Por ejemplo, en general nadie necesita conocer los conceptos teóricos de la belleza física para determinar si una persona le parece atractiva o no. Salvo algunos especialistas en estética, pocos pueden definir con exactitud en qué consiste la “belleza física”, ni siquiera los jueces de los supuestos concursos de belleza y, sin embargo, existen “cánones implícitos” para lo que se considera físicamente atractivo, y esto tiene gran influencia en la vida de las personas. De acuerdo con estudios como los que refiere el economista de la Universidad de Texas Daniel Hamermesh, los individuos (e individuas) considerados atractivos pueden tener carreras más exitosas, mejores ingresos, y recibir un trato más favorable por parte de los demás. Se convierten también en los “rostros” que nos seducen para comprar algún producto y no otro, con la no siempre velada sugestión de que esto nos puede hacer más parecidos a ellos y, por lo tanto, más populares.

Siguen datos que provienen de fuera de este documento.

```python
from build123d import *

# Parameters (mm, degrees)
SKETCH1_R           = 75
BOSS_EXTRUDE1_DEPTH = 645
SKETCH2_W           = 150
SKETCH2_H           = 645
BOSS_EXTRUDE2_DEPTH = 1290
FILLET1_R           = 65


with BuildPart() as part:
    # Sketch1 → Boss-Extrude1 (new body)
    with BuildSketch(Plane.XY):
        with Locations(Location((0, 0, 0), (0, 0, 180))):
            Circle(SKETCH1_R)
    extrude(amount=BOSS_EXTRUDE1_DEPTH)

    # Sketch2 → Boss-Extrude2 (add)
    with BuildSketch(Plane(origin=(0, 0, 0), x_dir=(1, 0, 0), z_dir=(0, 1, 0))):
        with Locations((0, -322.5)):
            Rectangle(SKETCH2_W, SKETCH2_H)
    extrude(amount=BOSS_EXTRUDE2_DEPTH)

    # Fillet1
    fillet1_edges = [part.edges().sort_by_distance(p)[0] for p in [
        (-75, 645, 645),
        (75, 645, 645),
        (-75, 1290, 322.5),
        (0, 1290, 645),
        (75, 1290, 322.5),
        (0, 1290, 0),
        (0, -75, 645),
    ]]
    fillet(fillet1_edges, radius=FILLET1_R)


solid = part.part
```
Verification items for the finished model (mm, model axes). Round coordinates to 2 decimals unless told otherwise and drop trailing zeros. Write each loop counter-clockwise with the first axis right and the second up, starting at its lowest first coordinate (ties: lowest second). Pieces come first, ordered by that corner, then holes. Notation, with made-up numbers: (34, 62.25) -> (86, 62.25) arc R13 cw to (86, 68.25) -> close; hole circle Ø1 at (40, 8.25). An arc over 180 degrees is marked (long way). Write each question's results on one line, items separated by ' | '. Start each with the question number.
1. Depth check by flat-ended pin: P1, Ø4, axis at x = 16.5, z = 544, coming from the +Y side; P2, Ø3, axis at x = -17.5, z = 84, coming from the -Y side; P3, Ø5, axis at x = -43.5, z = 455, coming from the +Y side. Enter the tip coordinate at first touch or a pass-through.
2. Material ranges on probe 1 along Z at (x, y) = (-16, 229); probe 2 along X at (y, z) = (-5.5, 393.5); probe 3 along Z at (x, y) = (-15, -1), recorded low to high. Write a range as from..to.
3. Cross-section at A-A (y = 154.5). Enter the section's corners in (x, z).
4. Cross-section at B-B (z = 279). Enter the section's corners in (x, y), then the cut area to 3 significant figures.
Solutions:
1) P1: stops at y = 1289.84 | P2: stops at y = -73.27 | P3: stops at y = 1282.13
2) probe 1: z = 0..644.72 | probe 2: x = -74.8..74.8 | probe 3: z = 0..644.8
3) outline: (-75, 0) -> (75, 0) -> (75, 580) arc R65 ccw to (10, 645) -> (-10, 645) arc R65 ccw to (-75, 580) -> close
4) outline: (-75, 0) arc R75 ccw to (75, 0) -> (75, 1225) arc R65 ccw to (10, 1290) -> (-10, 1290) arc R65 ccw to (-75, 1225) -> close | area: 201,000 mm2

Tras miles de años de debatir cuál es la razón de que ciertos rasgos o proporciones físicas le parezcan más atractivos que otros a la mayoría de las personas, las conclusiones apuntan a dos respuestas fundamentales: los humanos prefieren características biológicas que sugieren juventud, salud y fertilidad, en combinación con los ideales estéticos de cada época y lugar, que están formados por factores ambientales y sociales, como son las normas culturales, e incluso las diferencias socioeconómicas.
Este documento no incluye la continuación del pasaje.